Federal Deputy for Rondônia
- In office 1 February 1995 – 31 January 2019

Personal details
- Born: Marinha Célia Rocha de Matos 23 November 1960 (age 65) Maracaí, SP, Brazil
- Party: PDMB
- Spouse: Valdir Raupp
- Alma mater: São Paulo State University

= Marinha Raupp =

Brazilian politician (born 1960)

Marinha Célia Rocha Raupp de Matos (born 23 November 1960) more simply known as Marinha Raupp is a Brazilian politician as well as a psychologist and professor. Although born in São Paulo (state), she has spent her political career representing Rondônia, having served as state representative from 1995 to 2019.

==Education ==
Raupp is an alumnus of the São Paulo State University campus in Assis. In 1985, she moved to Rondônia from her home state of São Paulo, when she accepted at a teaching position in a local university.

==Political career==
Before becoming a politician she worked as a psychologist and a professor of psychology.

Raupp contested the 2018 Brazilian general election, but received 18,223 votes or 2.33% of the cast ballot in Rondônia which was not enough for her to be reelected to the post of federal deputy.

In early 2019 Raupp was appointed to be the advisory of an unnamed senator from Mato Grosso. The move raised some ire in the Brazilian media as despite her seemly minor role Raup still received a salary of RS$23,000 a month and she will be able to retire with a pension of RS$33,000 a month.

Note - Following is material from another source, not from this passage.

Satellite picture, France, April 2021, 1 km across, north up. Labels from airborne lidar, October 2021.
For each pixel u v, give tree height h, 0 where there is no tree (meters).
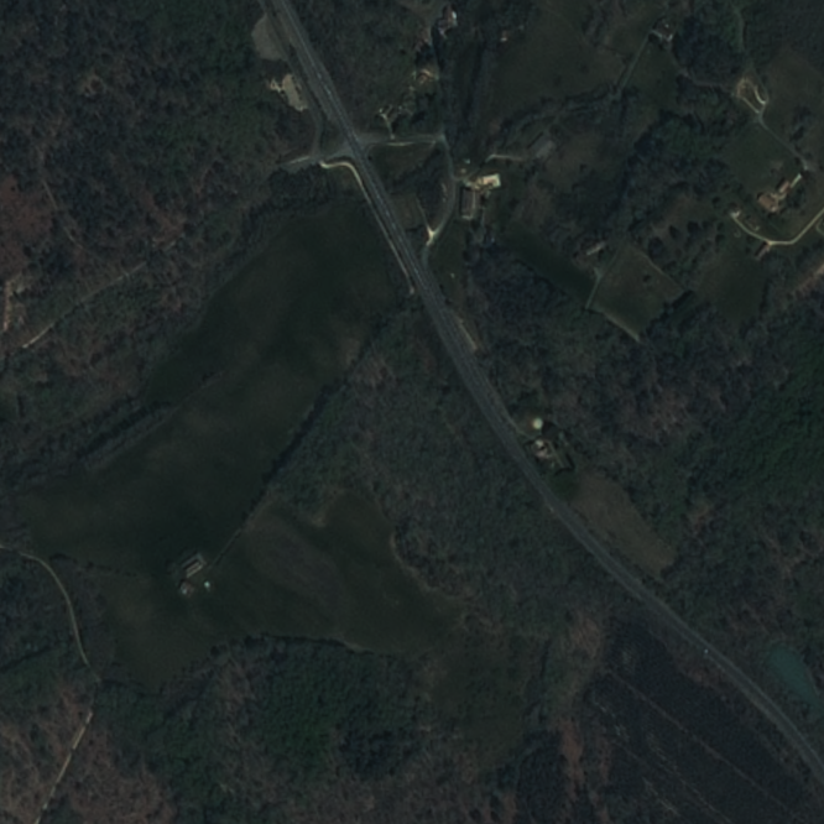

=== Political positions ===
Raupp voted in favor of the impeachment of then-president Dilma Rousseff. She voted in favor of the 2017 Brazilian labor reform, and would vote against a corruption investigation into Rousseff's successor Michel Temer.

== Personal life ==
Raupp is married to former senator and governor of Rondônia Valdir Raupp. She has two children, Cristiane and Valdir Jr.